A surprising finding on behavior-specific factors was the lack of significant impact of social influences of family and peers. Neither unprotected casual sex nor needle sharing among drug users was predicted by similar behaviors in their social network of family and peers. The finding is in sharp contrast to the literature, which suggests important influence of family and peers in risky drug using behaviors (Lai et al., 2000; Wu et al., 1996a, 1996b). It is also inconsistent with a previous study in the general population from the same survey (Yang, in press), in which the same sexual and drug use influence indices were found to be significant and powerful predictors of risky behaviors in the general population. It is possible that family members and peers may exert important influence on the initiation of drug use. But once started the drug habit, drug users' risky behaviors are influenced more by factors other than family and peers. More research is needed to look into the impact of social influence of family and peers on drug users' HIV risk behaviors.

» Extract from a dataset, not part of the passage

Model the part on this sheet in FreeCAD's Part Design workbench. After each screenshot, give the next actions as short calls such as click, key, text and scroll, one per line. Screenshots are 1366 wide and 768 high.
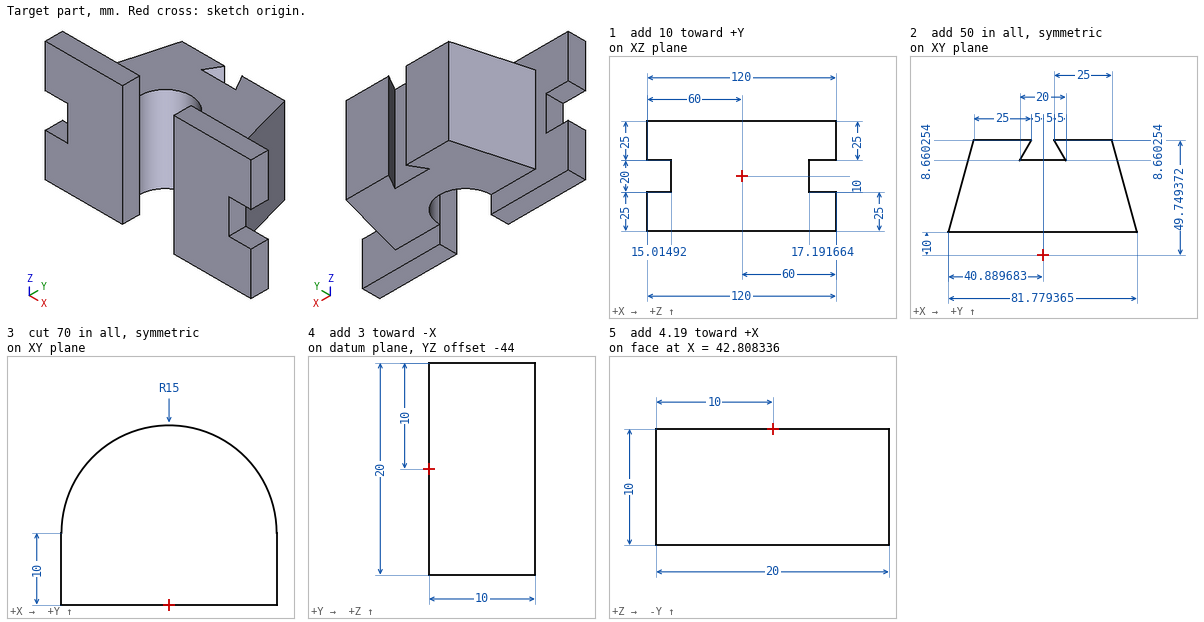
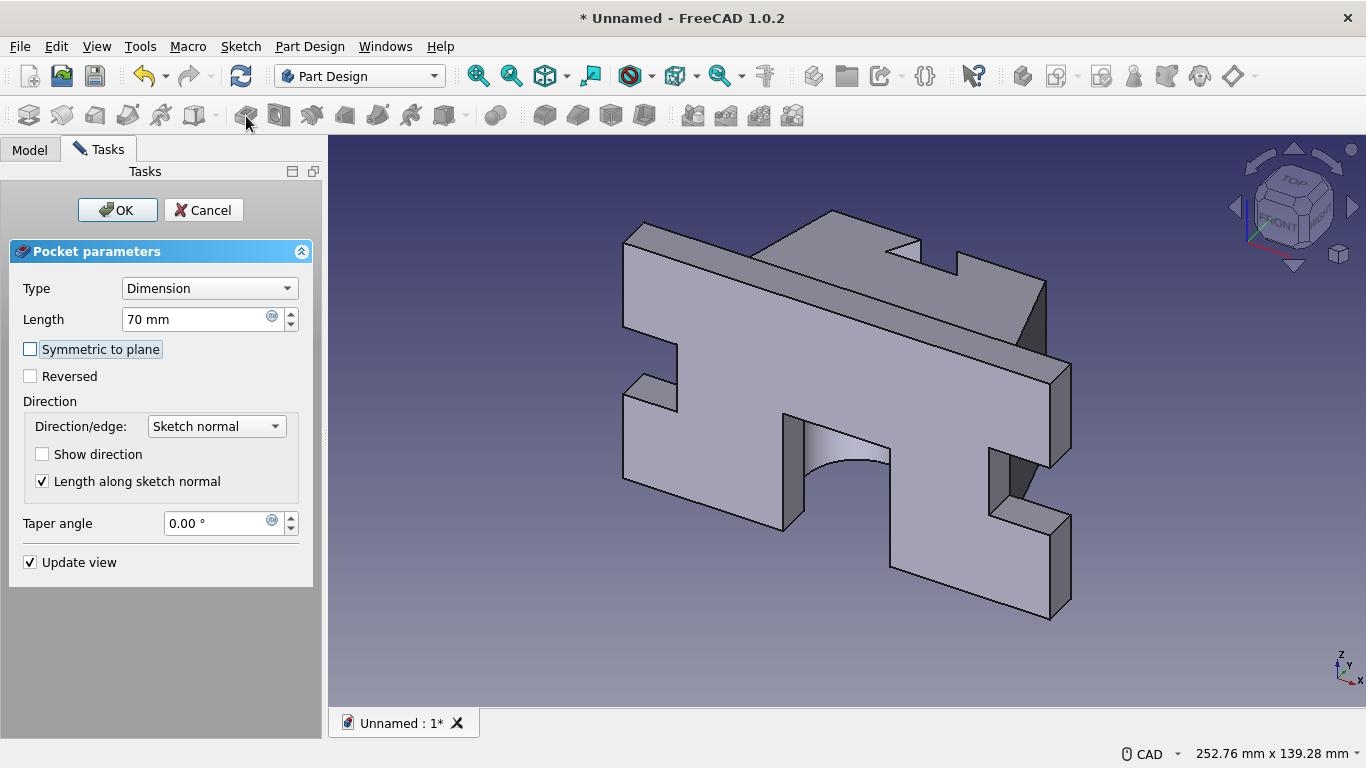
click(31, 349)
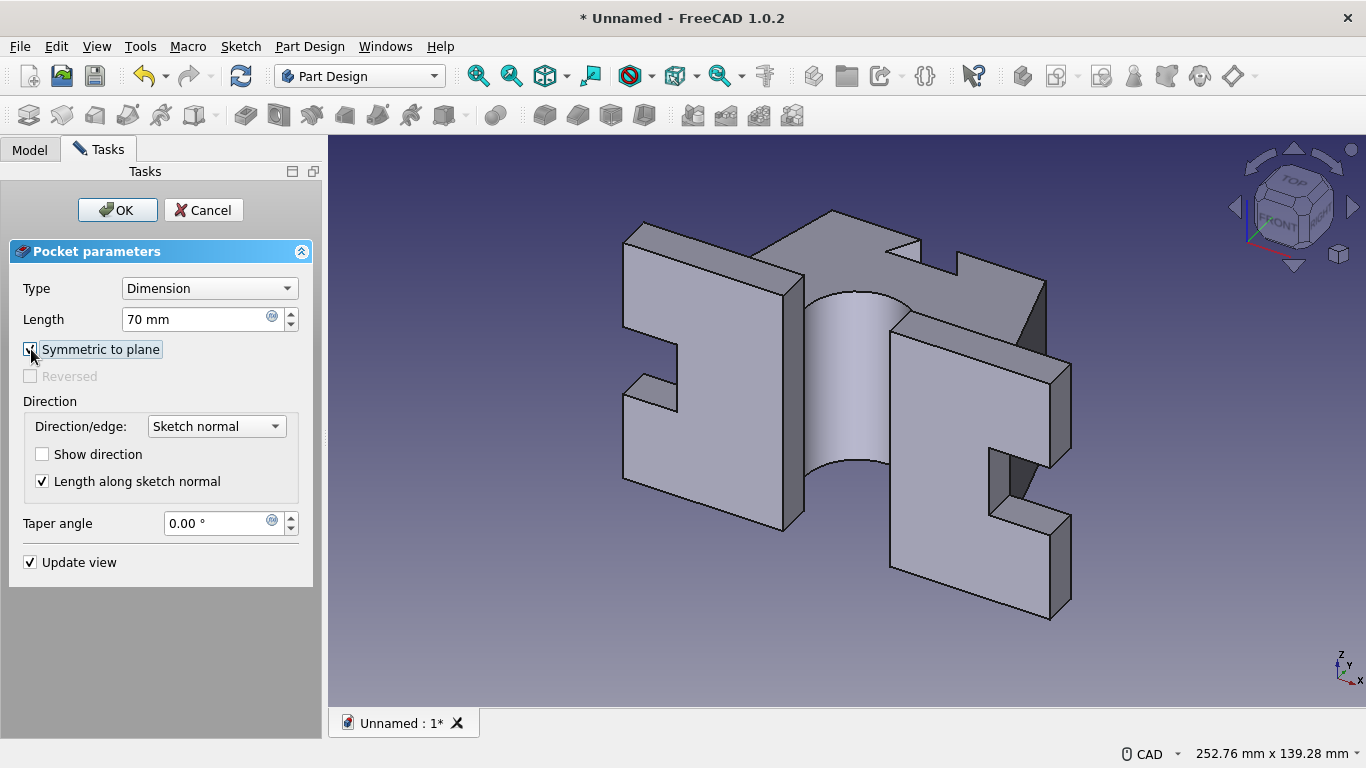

Consistent with the literature, we found that knowledge about HIV and its transmission helped to reduce drug users' HIV risk behaviors. Although perceived vulnerability was found significant in predicting both unprotected casual sex and needle sharing, the direction of the impact was counterintuitive. Instead of reducing risk behavior, greater perceived vulnerability predicted higher odds of both unprotected casual sex and needle sharing among the study participants. One possibility is that drug users who had unprotected casual sex and/or shared needles might feel more vulnerable to HIV exactly because of their risk behaviors. Unfortunately, the cross-sectional and retrospective design of the survey did not provide data that would allow a clear identification of cause and effect.

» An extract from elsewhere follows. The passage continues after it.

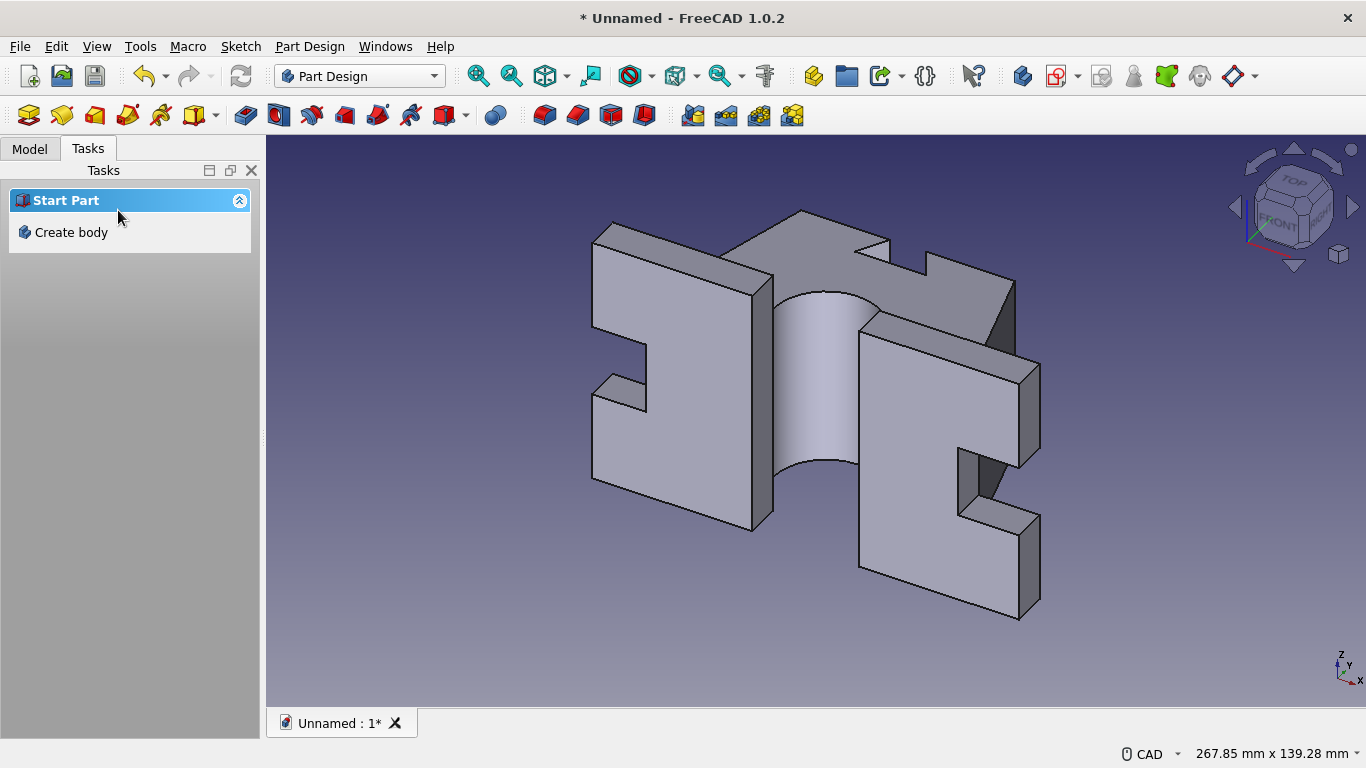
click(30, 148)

Another limitation of the study is that, like many behavioral studies of HIV risk behavior, data were based on self-report, which is subject to recall errors. Further, because of high sensitivities of drug using and casual sex in China, people may underreport these behaviors. A third limitation of the study was the use of drug user registries in sample selection. Although the study sample included both drug users enrolled in involuntary detoxification centers and those living in communities, they were known to community and government authorities. Some hidden drug users might have been included in the sample and revealed drug using activities during the interview. But the final sample consisted mainly of known drug users, not representative of hidden drug users. For these study limitations, a prospective study design that also includes hidden drug users in natural settings and incorporates biomarkers to verify HIV risk behaviors is highly recommended in future research.

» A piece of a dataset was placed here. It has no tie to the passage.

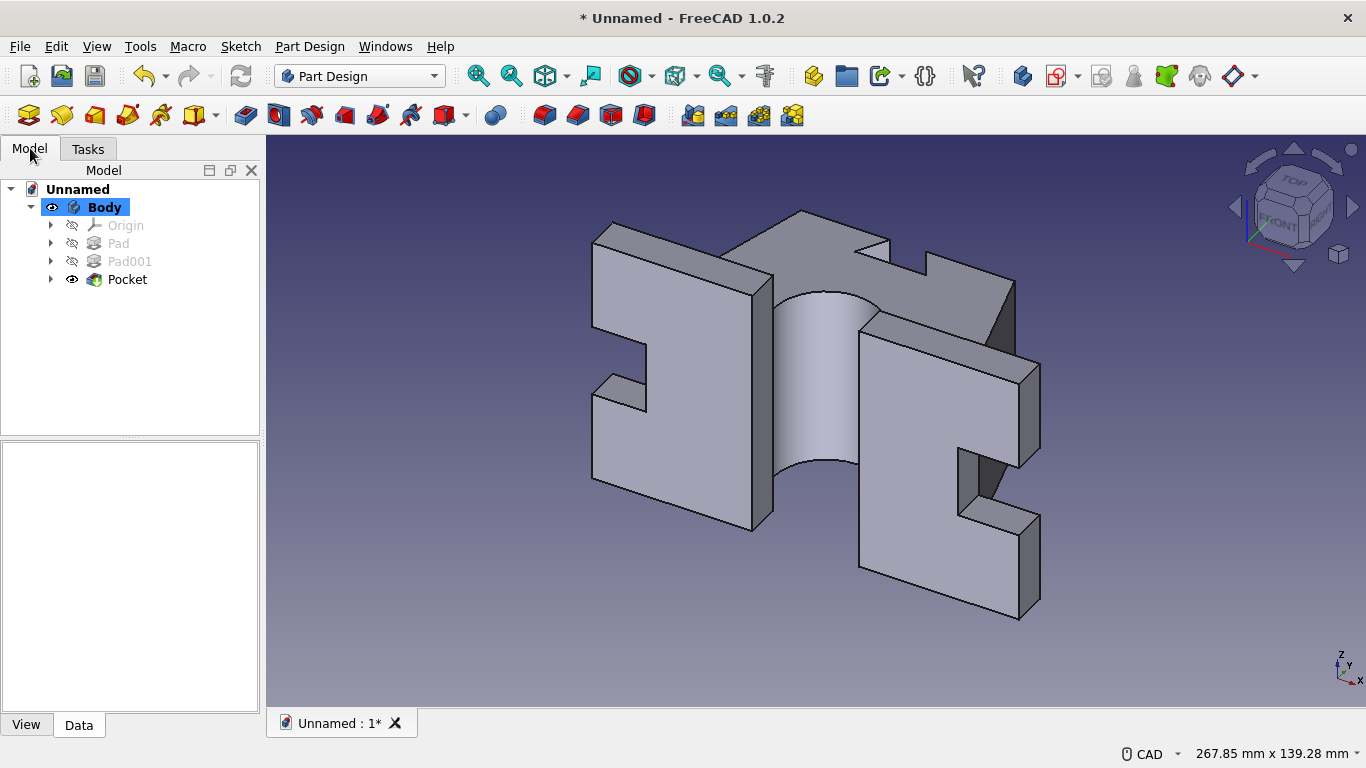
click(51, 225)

This is one of only a few population-based studies in China that have used probability samples of both drug users enrolled in detoxification centers and those living in communities and appropriate statistical methods to adjust for sampling weights and survey design effects. It is also one of few studies in China that have examined the impact of drug users' psychosocial wellbeing on their HIV risk behavior. The results are, therefore, more representative, offering a more comprehensive understanding of risk factors of unprotected sex and needle sharing among drug users in China.